The women in Sisman's world are not perfect, but their foibles come with sympathy, such as when Freya looks inward over the breakup: "Michael was one of the few single men in New York actively seeking a long-term partner - OK, wife - yet he had discounted her as a possibility. Why? Was she too tall? Too thin? Were her breasts too small?" Later, her doubts cut deeper: "Could it be the fault lay with her, that she was unworthy of love?"

But Freya is brave, and she comes through her introspection whole, even after the unkindest cut, which comes during her stepsister's wedding back home in Britain. Jack accompanies her, though only as her beard, to allow Freya to "prove" she's worthy of love. The jaunt allows Sisman, meanwhile, to riff on Brits.

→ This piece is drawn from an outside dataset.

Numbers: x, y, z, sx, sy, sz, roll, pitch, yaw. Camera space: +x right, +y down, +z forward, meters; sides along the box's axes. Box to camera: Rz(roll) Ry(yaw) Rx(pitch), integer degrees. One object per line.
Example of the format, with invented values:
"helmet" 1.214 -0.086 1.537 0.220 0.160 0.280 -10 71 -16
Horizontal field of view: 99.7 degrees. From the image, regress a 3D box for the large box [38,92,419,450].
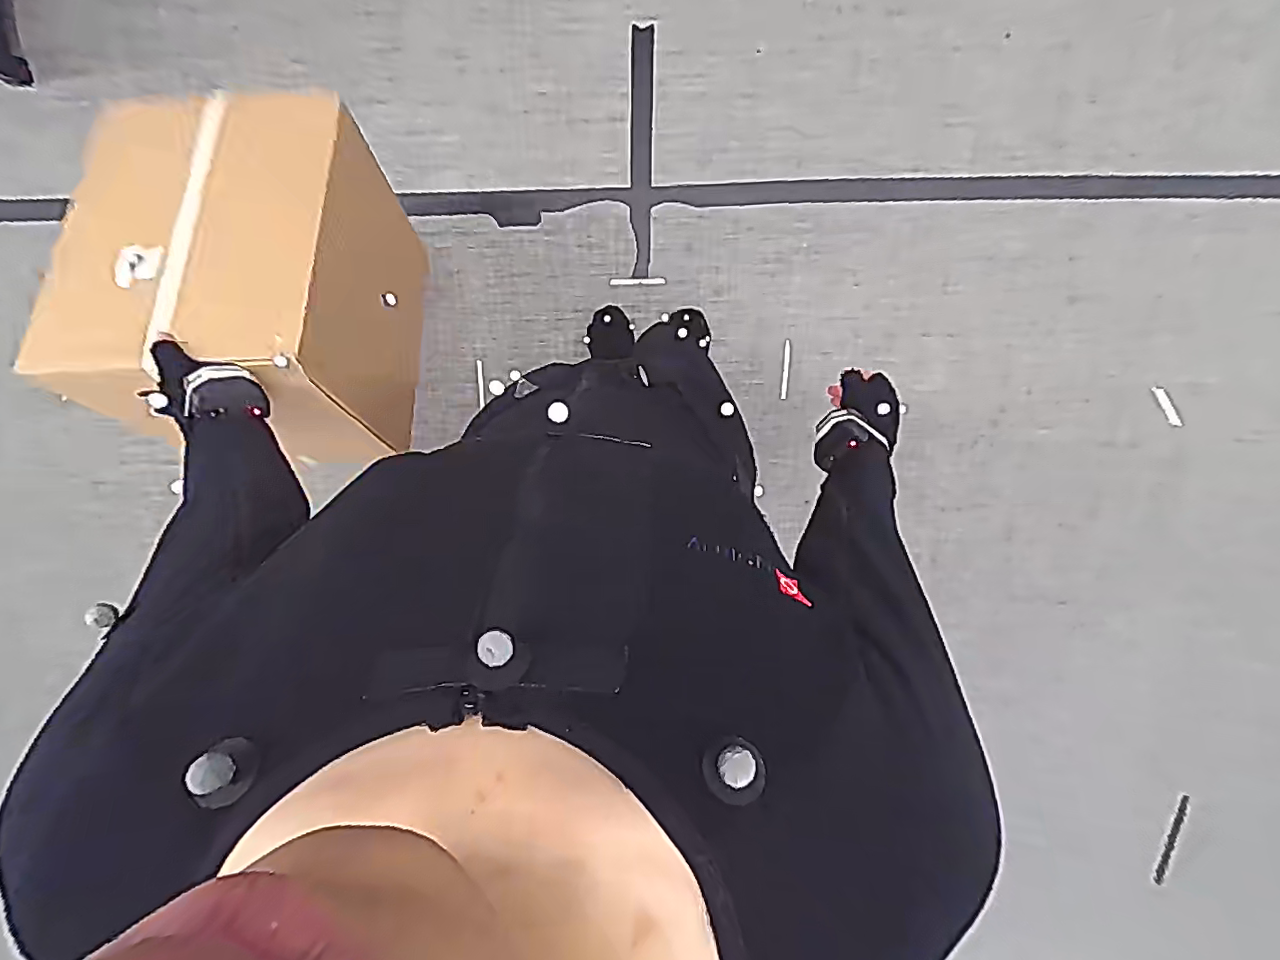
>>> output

Jack's vocation as a writer allows Sisman to tramp more ground she apparently knows well, the publishing industry. Jack has been stifled in his writing for some time, for example, but that doesn't stop a soulless agent from chatting him up with lines such as, "it's totally irrelevant whether the book is good."

It will come as no surprise by now that the soulless one is a guy. And Jack's current agent, who has stood by him through the tough times, is, of course, a woman. Even so, it's not the male bashing that ultimately undoes "Just Friends"; she's tougher on men, but truth is a defense.

It's difficult to specify just why the end is disappointing without revealing too much. And perhaps other readers won't react the same way. But to me, for all the book's varied brightness, the plot of "Just Friends" is just all right.